Give the lines below again, exactly as they stand, and leave out the images.

Extracted entries:
____
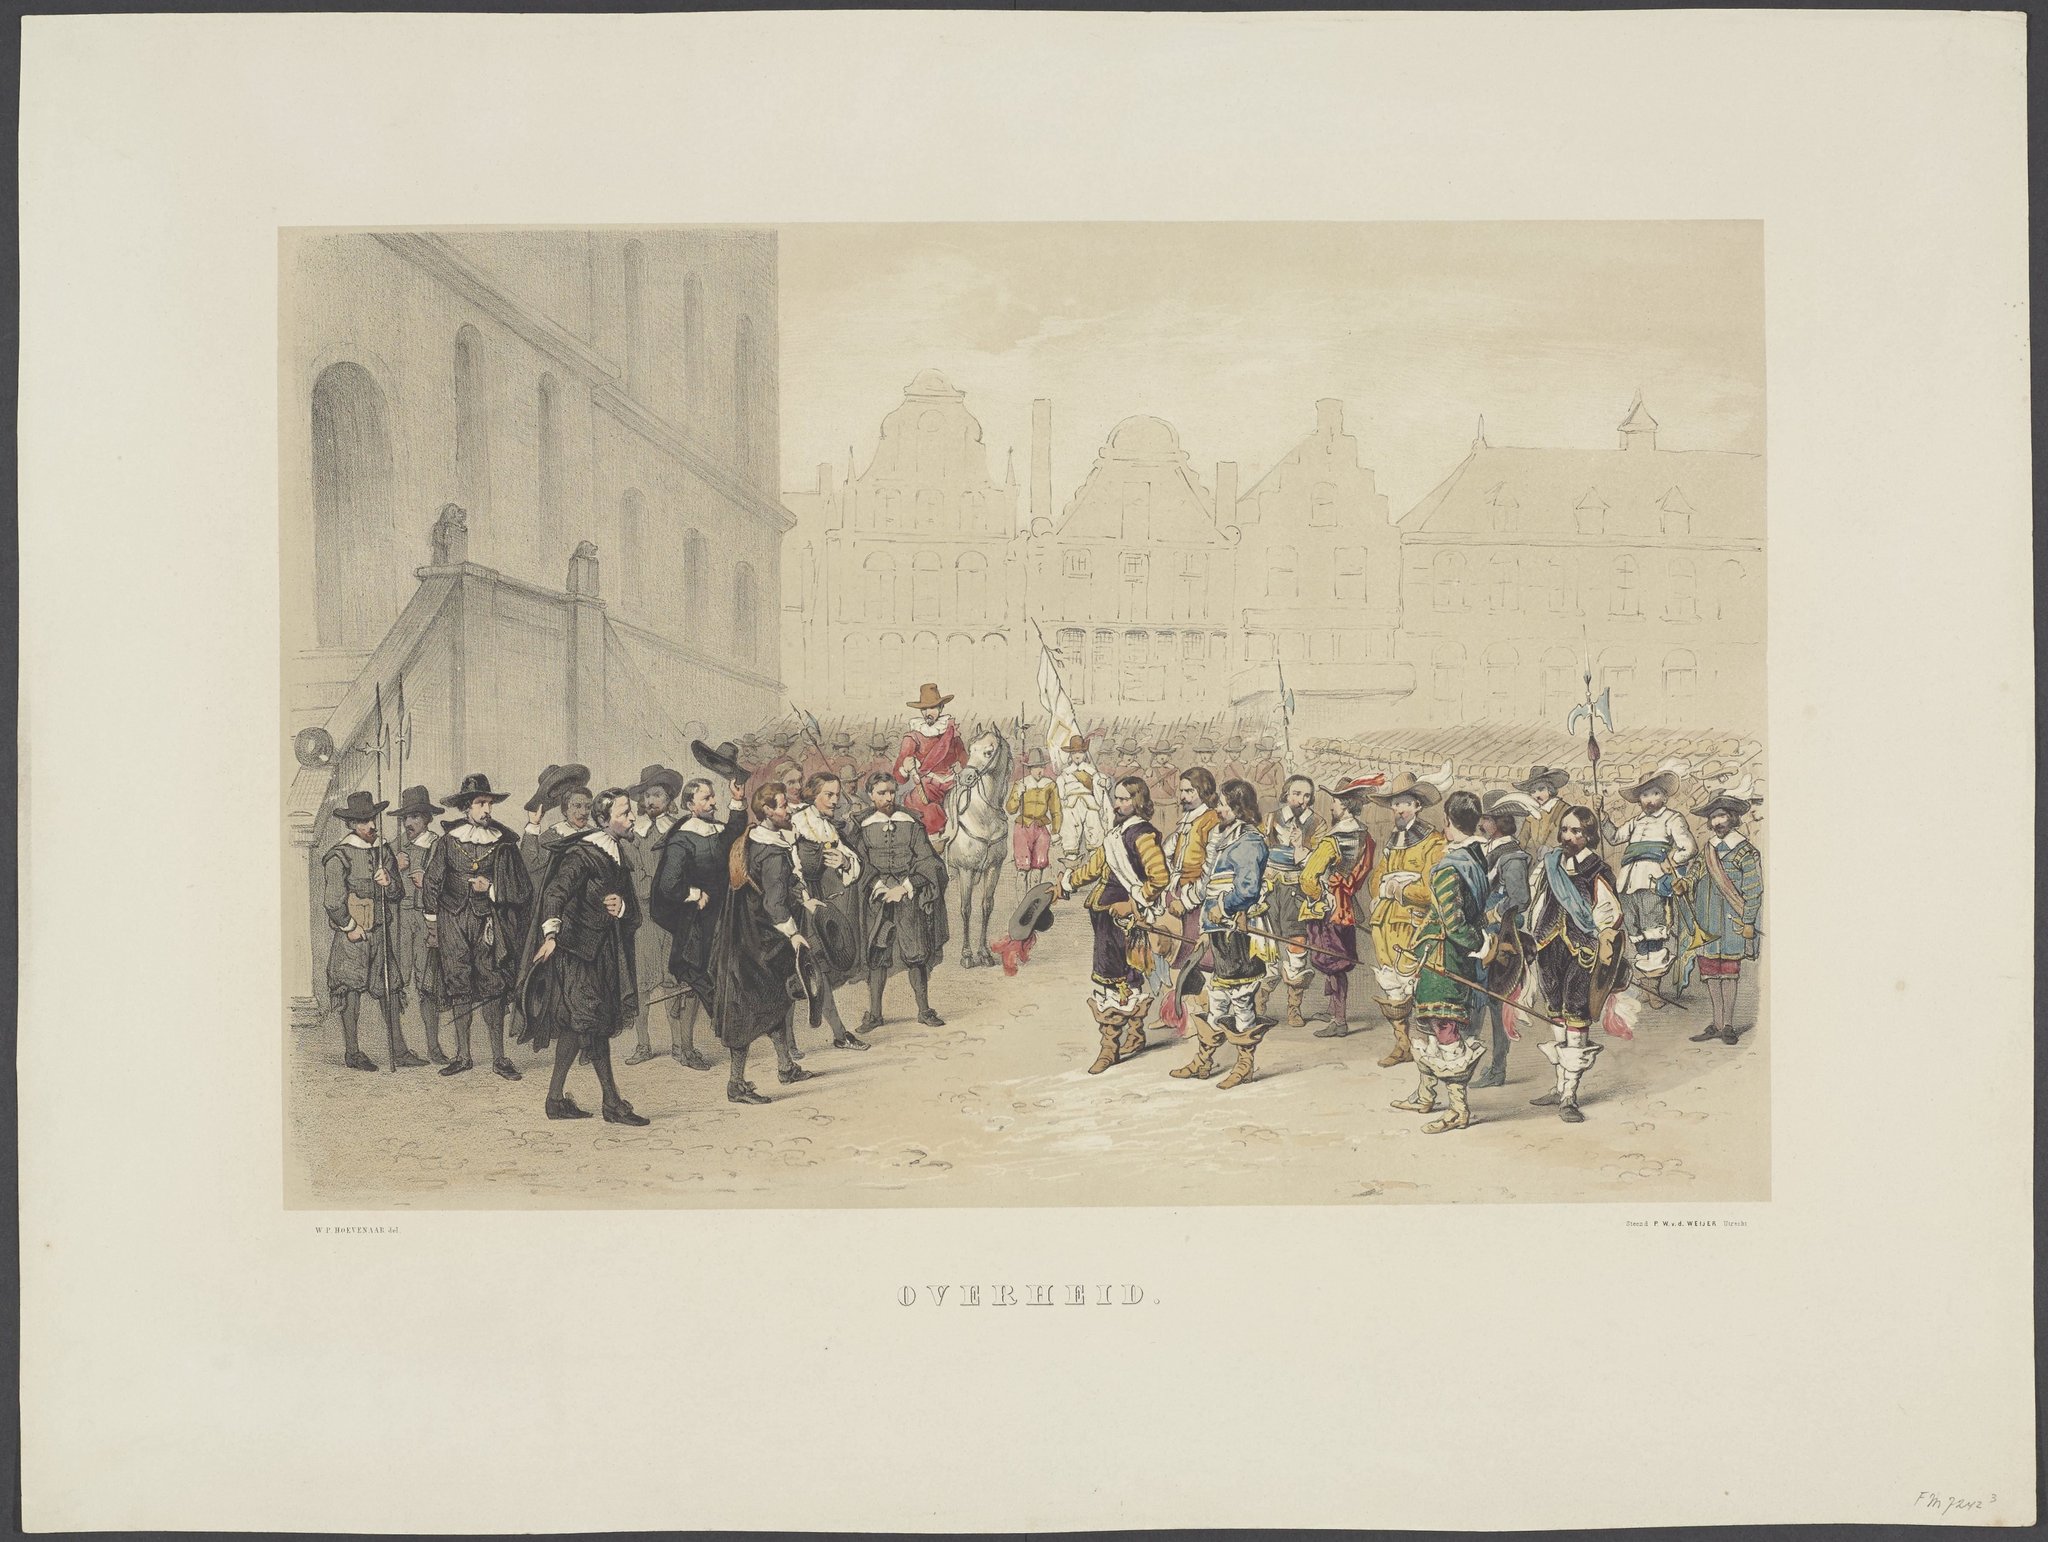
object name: print
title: Ons vaderland omstreeks het midden der 17e eeuw, voorgesteld door H.H. studenten, leden van Mutua Fides, ter viering van het 220jarig bestaan der Utrechtsche Hoogeschool, den 25. Junij 1856
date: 1856
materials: paper
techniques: hand coloring, lithograph
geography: netherlands
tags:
____
Answer section:
object name: print
title: Ons vaderland omstreeks het midden der 17e eeuw, voorgesteld door H.H. studenten, leden van Mutua Fides, ter viering van het 220jarig bestaan der Utrechtsche Hoogeschool, den 25. Junij 1856
date: 1856
materials: paper
techniques: hand coloring, lithograph
geography: netherlands
tags:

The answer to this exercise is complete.